All childcare firms in the 51 settlements were first mapped and enumerated through a full census. A baseline survey was conducted with 978 firms. Communities were then randomly assigned: 26 treatment communities in which Kidogo entered and offered its programme, and 25 control communities in which Kidogo did not enter. Prior to programme entry, a half-day workshop was deployed in all communities; approximately 60% of daycares in both arms attended. Workshop attendance is highly correlated with programme take-up in treatment areas (82.5% of attendees ultimately enrolled). This design allows identification of direct programme effects among likely takers (workshop attendees) and spillover effects among competitor firms (non-attendees).
The Kidogo programme consists of a standardised, multi-month training and mentorship programme, a one-time capital improvement grant of approximately USD 200, monthly deliveries of fortified porridge for enrolled children, branding rights (the Kidogo logo), and regular quality-standard checks. Participating providers pay a small monthly membership fee. The model is designed to be scalable and cost-effective.
Data collection includes: (i) a listing/census of 1,663 childcare providers across all settlements; (ii) a firm baseline and midline survey of 978 providers, structured in wide format with wave suffixes (_b for baseline, _m for midline), covering childcare quality, operations, prices, enrolment, revenues, provider well-being, and competitive environment; and (iii) a representative household baseline survey of 2,820 households with children under 6, covering childcare demand and use, labour force participation, and child health and development. HTML codebooks are provided for all three datasets.

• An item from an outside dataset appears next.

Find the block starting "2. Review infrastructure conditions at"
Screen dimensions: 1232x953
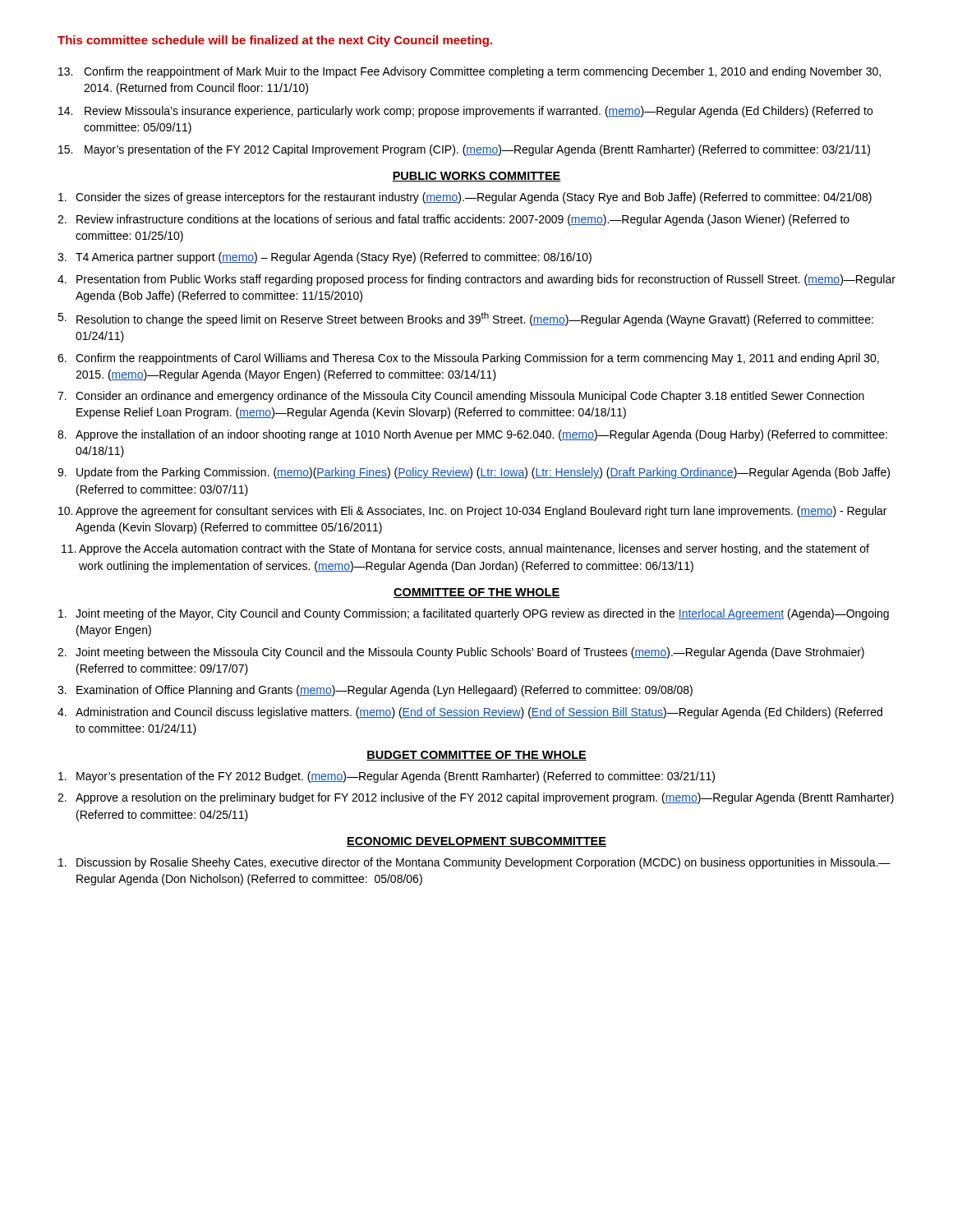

Key midline results (one year post-programme entry) show that social franchising increased overall childcare quality by approximately 0.20 standard deviations, driven by improvements in hygiene and safety (0.28 s.d.), availability of toys and manipulatives (0.19 s.d.), and quality of child experiences (0.10 s.d.). The probability of firm closure fell significantly, with a 12.8-percentage-point reduction in exit among home-based providers (a 34% reduction relative to control). Spillover benefits were also found among non-participating competitor firms. Prices, enrolment, and revenues did not change significantly in the short run.
The release includes Stata .dta datasets with variable and value labels, HTML codebooks for all instruments, and a README describing file structure and merge keys. Direct personal identifiers have been removed; users must not attempt re-identification.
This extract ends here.